Gomir (Backdoor) – Malware

Gomir
Type of Malware	Backdoor
Country of Origin	North Korea
Date of initial activity	2024
Targeted Countries	South Korea
Associated Groups	Kimsuky (APT 43)
Motivation	Cyberespionage. Infiltrate networs and deliver payloads. Data theft.
Type of information Stolen	Government Data, Communication Data, Login credentials
Attack Vectors	The malware is distributed via trojanized security programs downloaded from an unspecified South Korean construction-related association's website.
Targeted System	Linux

Overview

The Gomir backdoor is a Linux version of the GoBear backdoor, which was used in a recent Kimsuky campaign that saw the attackers deliver malware via Trojanized software installation packages. Gomir is structurally almost identical to GoBear, with extensive sharing of code between malware variants.Any functionality from GoBear that is operating system-dependent is either missing or reimplemented in Gomir. Gomir supports as many as 17 commands, allowing its operators to perform file operations, start a reverse proxy, pause command-and-control (C2) communications for a specified time duration, run shell commands, and terminate its own process.

Targets

South Korean organizations (Professional, Scientific and Technical Services, Public Administration, Manufacturing, Educational Services).

How they operate

When executed, Gomir checks its command line for the string “install” as its only argument. If found, it attempts to install itself with persistence. To determine how it installs itself, Gomir checks if it has superuser privileges by verifying the effective group ID of its process. If it is running with superuser privileges, Gomir copies itself to a specific system directory and creates a systemd service to ensure it runs automatically.

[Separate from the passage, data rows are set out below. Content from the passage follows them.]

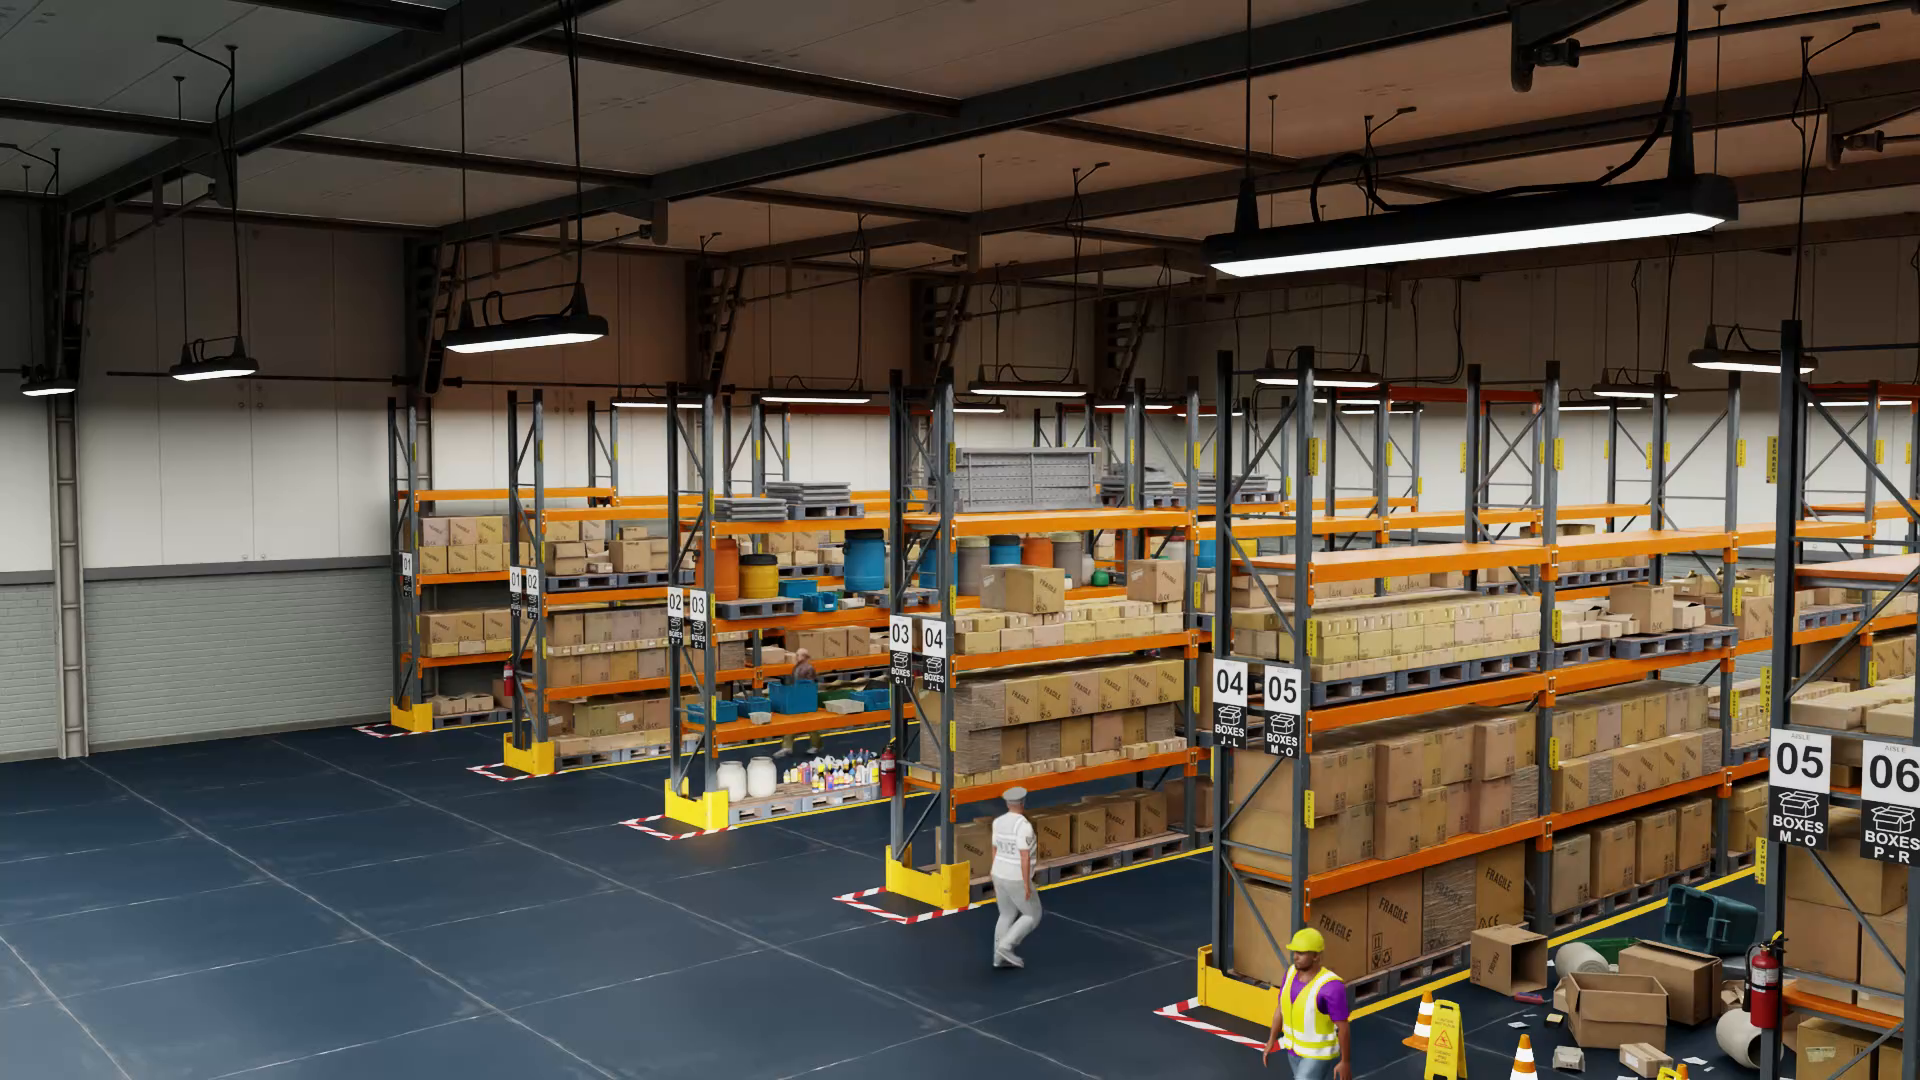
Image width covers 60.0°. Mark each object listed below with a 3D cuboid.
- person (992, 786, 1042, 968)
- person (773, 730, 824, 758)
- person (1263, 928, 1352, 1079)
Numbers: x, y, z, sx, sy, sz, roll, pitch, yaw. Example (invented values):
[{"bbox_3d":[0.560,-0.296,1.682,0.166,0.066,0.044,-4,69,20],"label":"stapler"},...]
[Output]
[{"bbox_3d":[0.500,3.324,16.331,0.493,1.757,0.570,-2,4,-30],"label":"person"},{"bbox_3d":[-2.659,3.019,27.422,0.910,1.061,0.388,-3,4,-41],"label":"person"},{"bbox_3d":[2.417,3.257,11.656,0.447,1.065,0.600,-2,4,-24],"label":"person"}]
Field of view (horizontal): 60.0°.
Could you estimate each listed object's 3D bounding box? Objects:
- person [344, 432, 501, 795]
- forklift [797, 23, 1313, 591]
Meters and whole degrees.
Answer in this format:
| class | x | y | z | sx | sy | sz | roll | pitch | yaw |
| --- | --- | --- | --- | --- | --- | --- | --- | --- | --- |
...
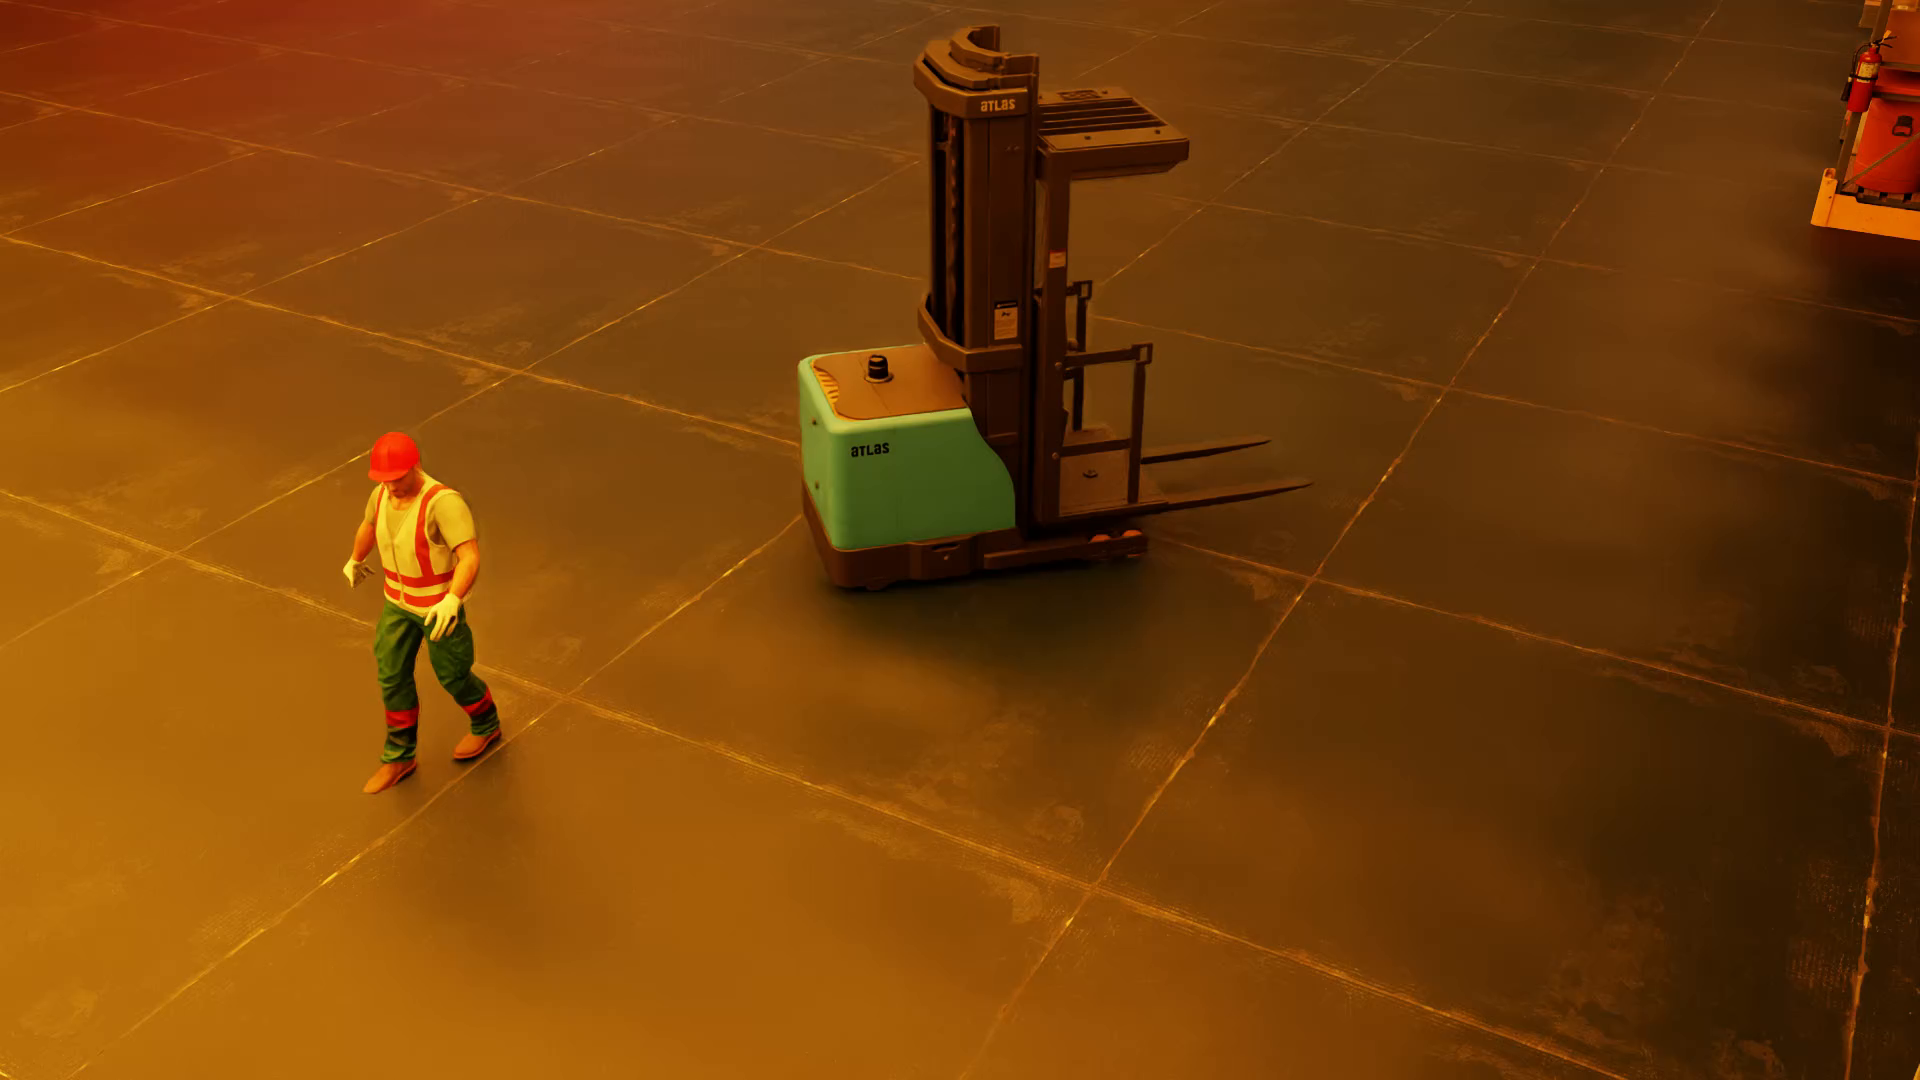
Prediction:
| class | x | y | z | sx | sy | sz | roll | pitch | yaw |
| --- | --- | --- | --- | --- | --- | --- | --- | --- | --- |
| person | -2.568 | 0.337 | 7.690 | 1.031 | 1.781 | 0.698 | 15 | 33 | 24 |
| forklift | 0.613 | -1.381 | 9.463 | 3.031 | 2.935 | 1.130 | -8 | 31 | -13 |

It then enables and starts this service, deletes the original executable, and terminates the original process. If Gomir is not running with superuser privileges, it resorts to creating a cron job to start the malware every time the system reboots. It creates a temporary configuration file listing the existing cron jobs and appends its own entry. It then updates the system’s crontab with this configuration, deletes the temporary file, and restarts itself from the new location. Once installed and running, Gomir periodically communicates with its C2 server using HTTP POST requests. These requests include an infection ID unique to each infected host. The C2 server responds with commands that Gomir decodes and decrypts using a custom encryption algorithm. These commands instruct Gomir on the actions to perform, leveraging its 17 supported commands.